La supervivencia de los juegos de pelota entre diversos pueblos indígenas y luego la adopción del futbol como uno de los deportes de mayor afición entre los mexicanos, muestran el arraigo del juego de pelota en sus diversas variantes mesoamericanas. Por eso Rodrigo Ímaz tras una metamorfosis a través del juego de pelota, reordena las letras de su apellido Ímaz con el anagrama Maíz, lo asienta en su acta de nacimiento con un gesto radical, es decir un cambio “de raíz”. Este documento falsificado nos recuerda que el desarrollo cultural de las grandes culturas de Mesoamérica se asienta en ese grano y por ello somos los hijos del maíz.

La agricultura permitió el desarrollo científico, la nixtamalización potenció los nutrientes del maíz antes de hacerlo masa y luego convertirse en tortilla; la vulcanización permitió la pelota de hule para el juego ritual que permitía a los hombres participar lúdicamente de la fertilidad de la tierra y los equilibrios cósmicos. La lucha actual del pueblo de México por la defensa de sus maíces nativos frente a los transgénicos es la defensa de esa larga y rica historia. Esta exposición reivindica esa lucha.

Para nosotros, artista y curador, colocar esta instalación en el Museo de Antropología de Xalapa, además del privilegio que nos representa entablar este diálogo con la civilización más antigua y base de muchos de los saberes y elementos constitutivos de las culturas prehispánicas que le siguieron (mayas, totonacas, teotihuacanos, zapotecas, mexicas, mixtecos, etc), también nos permite subrayar el inmenso aporte en términos artísticos de nuestros antepasados.
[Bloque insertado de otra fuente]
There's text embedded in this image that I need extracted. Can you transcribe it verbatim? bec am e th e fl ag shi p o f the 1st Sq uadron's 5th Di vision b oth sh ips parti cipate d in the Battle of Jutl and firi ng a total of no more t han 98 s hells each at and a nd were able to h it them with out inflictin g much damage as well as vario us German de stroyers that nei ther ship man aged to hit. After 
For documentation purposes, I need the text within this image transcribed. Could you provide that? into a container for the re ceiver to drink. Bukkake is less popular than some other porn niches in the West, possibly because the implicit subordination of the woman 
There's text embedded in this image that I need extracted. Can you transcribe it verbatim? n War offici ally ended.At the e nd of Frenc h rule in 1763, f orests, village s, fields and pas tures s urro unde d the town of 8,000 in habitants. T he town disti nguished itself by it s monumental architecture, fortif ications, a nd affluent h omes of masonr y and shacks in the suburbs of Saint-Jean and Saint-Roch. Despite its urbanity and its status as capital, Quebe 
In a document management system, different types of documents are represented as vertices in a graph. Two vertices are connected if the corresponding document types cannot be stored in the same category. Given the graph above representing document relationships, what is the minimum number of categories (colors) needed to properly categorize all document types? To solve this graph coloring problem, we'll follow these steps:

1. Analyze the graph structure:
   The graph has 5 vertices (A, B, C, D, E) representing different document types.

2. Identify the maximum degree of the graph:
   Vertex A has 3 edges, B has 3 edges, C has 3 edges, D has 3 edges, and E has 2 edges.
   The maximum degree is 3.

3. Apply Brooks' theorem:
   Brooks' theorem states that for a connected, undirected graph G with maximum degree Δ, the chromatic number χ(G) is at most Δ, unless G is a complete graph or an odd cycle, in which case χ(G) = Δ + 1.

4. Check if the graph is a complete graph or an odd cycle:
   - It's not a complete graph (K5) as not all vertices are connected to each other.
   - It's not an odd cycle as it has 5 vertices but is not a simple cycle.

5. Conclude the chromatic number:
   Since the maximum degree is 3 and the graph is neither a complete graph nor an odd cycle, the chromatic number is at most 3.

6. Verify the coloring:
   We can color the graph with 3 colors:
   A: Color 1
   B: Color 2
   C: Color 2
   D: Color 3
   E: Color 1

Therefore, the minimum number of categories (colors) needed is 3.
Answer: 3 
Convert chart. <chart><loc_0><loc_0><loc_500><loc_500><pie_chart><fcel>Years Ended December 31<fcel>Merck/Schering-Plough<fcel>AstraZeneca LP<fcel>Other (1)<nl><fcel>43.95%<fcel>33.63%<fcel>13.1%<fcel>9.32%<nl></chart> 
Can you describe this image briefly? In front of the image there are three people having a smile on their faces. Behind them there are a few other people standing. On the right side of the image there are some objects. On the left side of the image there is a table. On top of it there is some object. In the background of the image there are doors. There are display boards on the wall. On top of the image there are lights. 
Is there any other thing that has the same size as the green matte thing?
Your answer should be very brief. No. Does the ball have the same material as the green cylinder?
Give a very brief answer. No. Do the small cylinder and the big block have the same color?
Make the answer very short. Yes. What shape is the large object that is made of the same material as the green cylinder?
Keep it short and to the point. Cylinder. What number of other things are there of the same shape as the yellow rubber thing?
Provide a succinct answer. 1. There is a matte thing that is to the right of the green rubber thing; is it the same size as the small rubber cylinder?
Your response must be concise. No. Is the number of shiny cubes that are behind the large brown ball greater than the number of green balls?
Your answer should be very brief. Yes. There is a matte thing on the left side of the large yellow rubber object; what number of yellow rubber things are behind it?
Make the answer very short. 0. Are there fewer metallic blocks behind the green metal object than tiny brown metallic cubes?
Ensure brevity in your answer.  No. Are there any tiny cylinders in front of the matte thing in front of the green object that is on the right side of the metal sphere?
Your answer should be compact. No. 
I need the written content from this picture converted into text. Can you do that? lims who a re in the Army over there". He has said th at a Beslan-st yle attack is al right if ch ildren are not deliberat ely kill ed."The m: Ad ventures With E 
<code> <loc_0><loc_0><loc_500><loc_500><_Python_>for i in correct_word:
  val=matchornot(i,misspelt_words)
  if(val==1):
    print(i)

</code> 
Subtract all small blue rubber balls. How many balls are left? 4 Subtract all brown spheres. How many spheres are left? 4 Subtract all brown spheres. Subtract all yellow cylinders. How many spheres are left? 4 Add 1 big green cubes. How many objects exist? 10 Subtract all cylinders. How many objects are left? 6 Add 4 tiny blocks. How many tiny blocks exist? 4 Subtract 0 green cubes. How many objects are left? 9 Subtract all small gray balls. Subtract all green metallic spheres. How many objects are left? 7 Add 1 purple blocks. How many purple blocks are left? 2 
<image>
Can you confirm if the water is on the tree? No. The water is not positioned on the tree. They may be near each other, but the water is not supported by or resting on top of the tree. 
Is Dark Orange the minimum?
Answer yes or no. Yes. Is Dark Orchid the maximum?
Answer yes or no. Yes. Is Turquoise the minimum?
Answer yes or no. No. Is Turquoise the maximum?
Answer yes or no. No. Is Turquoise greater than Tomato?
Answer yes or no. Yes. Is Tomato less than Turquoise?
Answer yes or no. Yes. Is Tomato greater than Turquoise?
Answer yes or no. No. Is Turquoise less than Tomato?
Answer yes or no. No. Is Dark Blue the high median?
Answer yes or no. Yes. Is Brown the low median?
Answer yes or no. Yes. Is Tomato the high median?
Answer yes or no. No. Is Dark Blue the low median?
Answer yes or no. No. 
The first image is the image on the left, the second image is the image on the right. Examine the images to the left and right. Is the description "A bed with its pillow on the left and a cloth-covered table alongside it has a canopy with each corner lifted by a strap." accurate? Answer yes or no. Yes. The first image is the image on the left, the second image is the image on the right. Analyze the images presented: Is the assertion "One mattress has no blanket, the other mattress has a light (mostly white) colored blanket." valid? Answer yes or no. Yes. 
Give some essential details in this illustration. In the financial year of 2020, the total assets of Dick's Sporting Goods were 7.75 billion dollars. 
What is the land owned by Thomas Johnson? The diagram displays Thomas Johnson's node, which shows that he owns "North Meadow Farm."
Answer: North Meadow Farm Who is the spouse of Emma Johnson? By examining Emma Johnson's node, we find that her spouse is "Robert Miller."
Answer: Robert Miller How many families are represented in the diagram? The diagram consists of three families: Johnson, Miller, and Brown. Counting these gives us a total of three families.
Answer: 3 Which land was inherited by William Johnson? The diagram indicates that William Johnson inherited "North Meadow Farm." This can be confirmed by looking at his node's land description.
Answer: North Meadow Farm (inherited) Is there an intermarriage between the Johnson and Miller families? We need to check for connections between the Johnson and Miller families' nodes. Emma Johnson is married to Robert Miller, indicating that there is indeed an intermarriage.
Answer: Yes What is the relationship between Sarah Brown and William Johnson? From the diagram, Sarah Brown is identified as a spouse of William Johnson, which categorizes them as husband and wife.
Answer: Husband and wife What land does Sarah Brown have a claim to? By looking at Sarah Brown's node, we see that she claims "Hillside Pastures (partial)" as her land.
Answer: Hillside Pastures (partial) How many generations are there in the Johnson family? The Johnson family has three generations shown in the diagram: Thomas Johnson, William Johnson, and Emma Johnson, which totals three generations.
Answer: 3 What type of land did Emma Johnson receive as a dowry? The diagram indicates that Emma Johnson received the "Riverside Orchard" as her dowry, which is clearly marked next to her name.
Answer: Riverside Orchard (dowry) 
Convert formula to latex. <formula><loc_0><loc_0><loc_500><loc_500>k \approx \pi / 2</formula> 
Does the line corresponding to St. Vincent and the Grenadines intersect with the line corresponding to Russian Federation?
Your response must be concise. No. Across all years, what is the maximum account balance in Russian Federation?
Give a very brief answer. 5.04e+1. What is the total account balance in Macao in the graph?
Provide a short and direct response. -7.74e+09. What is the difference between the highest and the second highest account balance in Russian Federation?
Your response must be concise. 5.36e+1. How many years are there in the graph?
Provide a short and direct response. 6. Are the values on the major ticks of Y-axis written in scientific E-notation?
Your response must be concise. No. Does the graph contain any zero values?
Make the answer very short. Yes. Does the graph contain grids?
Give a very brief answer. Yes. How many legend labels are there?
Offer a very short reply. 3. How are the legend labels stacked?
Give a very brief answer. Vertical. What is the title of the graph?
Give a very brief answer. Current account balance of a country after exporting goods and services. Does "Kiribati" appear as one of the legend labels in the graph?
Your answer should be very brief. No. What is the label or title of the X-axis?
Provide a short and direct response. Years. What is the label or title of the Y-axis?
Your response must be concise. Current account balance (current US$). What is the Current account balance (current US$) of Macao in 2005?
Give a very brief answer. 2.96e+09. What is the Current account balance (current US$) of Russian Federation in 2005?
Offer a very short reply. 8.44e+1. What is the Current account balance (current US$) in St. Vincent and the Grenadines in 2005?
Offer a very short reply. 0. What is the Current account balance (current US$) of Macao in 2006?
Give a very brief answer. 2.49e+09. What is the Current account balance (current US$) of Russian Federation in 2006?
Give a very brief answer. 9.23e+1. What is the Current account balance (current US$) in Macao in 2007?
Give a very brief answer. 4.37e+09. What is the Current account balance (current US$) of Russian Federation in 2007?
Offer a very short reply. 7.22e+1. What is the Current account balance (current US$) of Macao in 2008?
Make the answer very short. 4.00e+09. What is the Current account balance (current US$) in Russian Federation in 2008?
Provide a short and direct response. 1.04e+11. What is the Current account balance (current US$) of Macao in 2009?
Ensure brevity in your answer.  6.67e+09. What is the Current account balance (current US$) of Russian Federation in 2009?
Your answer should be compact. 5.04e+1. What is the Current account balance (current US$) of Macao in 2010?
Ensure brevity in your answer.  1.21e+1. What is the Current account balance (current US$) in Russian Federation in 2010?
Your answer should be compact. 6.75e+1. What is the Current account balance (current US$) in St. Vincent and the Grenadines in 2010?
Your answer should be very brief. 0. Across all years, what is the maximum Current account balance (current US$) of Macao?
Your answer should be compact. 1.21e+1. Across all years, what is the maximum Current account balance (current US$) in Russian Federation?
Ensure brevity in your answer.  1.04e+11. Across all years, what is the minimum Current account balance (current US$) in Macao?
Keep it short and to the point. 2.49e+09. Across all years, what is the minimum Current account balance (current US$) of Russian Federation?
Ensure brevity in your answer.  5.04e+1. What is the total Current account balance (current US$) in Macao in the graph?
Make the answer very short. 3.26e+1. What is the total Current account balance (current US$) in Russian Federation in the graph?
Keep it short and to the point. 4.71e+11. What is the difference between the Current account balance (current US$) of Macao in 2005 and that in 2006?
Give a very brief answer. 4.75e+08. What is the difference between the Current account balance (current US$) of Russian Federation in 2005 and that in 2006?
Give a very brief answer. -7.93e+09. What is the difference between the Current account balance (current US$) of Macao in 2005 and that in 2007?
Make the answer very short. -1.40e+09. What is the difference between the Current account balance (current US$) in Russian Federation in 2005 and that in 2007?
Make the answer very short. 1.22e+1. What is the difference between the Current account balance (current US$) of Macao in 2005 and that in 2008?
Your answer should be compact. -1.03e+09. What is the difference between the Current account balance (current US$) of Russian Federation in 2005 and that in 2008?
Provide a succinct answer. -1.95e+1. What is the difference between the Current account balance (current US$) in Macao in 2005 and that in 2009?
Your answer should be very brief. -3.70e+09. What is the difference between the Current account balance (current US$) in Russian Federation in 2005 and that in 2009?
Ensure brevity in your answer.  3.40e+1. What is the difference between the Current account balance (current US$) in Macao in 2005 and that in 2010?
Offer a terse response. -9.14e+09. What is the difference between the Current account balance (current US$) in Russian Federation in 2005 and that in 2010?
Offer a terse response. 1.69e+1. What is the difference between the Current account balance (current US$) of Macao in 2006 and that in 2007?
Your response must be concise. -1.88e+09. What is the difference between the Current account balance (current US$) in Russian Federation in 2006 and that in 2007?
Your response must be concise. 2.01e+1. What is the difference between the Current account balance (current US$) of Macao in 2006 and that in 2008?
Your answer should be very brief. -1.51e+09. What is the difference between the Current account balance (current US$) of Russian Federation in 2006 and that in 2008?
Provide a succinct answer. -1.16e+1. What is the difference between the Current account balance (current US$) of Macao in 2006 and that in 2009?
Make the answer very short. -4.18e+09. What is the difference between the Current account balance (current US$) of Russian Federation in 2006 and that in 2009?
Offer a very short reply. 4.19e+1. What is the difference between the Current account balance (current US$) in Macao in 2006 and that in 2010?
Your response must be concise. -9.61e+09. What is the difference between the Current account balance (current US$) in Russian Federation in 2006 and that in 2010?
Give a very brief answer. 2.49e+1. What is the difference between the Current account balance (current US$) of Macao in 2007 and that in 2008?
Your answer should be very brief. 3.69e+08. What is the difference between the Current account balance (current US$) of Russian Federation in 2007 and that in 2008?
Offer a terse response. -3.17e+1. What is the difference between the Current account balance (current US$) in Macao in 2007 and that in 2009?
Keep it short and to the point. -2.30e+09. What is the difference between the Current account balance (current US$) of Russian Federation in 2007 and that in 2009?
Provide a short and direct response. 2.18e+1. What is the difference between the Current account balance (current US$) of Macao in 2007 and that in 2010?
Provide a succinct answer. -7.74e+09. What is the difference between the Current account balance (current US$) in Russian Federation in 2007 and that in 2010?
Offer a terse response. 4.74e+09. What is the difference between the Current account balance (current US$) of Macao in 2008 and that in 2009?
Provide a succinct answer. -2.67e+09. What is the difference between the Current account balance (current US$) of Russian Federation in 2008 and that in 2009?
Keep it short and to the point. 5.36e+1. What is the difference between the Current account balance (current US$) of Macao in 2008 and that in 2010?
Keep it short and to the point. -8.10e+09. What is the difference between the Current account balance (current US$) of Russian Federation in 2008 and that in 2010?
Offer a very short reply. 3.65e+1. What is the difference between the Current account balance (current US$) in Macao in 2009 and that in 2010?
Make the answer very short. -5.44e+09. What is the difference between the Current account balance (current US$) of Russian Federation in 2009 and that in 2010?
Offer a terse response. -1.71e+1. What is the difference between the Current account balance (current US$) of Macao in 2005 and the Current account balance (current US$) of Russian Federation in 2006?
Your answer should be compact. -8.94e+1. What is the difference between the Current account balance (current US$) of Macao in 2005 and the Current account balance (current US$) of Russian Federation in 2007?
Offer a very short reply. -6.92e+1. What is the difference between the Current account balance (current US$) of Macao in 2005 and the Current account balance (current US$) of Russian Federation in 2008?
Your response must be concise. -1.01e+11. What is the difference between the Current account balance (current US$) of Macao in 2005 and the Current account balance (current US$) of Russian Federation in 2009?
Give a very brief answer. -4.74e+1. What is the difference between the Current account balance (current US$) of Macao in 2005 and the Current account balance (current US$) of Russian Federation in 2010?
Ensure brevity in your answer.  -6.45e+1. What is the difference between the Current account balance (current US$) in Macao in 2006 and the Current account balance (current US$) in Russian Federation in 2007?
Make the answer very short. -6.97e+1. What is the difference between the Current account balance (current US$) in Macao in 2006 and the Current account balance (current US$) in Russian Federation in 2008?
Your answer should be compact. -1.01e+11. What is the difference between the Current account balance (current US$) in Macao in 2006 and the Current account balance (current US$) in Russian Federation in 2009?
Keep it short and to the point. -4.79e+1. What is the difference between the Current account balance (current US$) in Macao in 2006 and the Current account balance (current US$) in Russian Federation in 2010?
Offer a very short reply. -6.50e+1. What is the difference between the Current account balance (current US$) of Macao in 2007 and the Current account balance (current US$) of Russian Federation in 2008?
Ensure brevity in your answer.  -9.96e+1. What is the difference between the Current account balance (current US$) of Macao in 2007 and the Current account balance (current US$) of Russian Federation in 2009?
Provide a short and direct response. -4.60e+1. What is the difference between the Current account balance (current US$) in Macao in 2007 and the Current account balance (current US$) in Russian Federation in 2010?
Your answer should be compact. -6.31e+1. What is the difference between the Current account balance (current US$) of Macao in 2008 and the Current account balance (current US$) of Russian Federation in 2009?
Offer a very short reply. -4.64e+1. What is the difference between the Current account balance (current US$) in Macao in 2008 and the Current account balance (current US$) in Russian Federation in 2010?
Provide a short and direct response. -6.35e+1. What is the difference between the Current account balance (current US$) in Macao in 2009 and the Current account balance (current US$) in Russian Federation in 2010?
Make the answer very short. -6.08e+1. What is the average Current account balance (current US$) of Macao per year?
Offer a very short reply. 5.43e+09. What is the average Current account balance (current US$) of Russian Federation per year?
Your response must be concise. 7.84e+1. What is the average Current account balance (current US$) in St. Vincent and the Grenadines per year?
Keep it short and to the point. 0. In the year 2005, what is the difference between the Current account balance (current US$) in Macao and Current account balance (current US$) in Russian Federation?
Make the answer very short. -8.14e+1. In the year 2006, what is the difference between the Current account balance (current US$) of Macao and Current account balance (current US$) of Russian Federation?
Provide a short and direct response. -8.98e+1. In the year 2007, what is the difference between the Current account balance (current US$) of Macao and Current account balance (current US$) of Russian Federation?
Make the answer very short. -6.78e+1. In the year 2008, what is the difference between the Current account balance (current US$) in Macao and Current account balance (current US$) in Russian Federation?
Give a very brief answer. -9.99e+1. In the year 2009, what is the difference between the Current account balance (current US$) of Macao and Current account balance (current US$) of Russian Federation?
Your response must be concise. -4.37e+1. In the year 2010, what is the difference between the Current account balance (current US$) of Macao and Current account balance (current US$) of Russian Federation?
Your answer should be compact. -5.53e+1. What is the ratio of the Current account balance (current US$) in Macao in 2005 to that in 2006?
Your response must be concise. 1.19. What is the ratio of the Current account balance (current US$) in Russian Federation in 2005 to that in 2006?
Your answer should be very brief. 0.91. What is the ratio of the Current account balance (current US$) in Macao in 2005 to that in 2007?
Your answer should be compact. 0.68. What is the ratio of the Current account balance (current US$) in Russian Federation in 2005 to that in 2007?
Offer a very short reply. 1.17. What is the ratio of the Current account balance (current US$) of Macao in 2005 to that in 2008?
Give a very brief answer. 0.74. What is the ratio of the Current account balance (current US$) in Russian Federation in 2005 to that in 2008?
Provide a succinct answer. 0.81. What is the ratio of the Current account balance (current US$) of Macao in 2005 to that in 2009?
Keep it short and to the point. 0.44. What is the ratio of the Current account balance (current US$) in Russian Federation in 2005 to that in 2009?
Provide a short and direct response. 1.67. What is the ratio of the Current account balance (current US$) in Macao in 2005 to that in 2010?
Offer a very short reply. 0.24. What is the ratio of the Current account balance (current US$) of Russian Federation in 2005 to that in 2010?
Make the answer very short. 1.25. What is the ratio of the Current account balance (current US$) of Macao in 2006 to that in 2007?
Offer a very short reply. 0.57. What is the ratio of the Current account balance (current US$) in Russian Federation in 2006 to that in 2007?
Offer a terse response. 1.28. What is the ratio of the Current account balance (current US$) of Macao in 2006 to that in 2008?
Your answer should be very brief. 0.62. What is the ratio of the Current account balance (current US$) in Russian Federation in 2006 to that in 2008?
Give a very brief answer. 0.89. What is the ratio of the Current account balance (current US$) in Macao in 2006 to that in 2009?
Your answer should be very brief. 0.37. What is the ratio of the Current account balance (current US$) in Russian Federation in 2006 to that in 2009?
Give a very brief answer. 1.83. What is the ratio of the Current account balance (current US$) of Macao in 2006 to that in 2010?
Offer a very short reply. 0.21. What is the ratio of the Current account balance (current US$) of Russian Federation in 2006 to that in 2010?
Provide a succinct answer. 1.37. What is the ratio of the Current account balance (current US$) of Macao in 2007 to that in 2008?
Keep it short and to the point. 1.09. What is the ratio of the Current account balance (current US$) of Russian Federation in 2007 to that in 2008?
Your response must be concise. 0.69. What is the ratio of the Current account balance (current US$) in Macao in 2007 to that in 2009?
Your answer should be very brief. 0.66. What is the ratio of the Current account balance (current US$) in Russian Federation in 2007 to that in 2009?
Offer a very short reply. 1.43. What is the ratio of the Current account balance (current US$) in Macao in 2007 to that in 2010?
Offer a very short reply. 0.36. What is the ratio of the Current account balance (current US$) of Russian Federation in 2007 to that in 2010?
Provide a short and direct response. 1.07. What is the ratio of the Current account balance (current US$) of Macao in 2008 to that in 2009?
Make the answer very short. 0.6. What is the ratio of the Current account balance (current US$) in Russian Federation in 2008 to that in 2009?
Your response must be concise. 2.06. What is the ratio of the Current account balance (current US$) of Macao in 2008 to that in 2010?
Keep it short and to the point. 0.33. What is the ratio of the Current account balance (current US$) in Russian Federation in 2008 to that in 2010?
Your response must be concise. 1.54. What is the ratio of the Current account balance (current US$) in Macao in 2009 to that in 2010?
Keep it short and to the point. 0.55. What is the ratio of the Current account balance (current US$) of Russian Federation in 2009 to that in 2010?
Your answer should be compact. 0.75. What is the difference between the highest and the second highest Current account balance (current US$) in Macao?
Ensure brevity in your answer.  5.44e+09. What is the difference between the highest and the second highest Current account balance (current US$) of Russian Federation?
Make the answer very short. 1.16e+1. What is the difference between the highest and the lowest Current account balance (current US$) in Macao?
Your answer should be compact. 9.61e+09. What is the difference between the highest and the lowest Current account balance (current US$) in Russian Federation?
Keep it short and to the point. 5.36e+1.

El MAX no sólo es uno de los más importantes museos de antropología, arqueología e historia de México, sino que toda esa carga e información histórica está expresada y contenida en piezas de arte cuya valía lo constituyen como uno de los más importantes museos de escultura en piedra y barro del mundo, por lo que valdría la pena sugerir una lectura estrictamente estética de esta prodigiosa colección.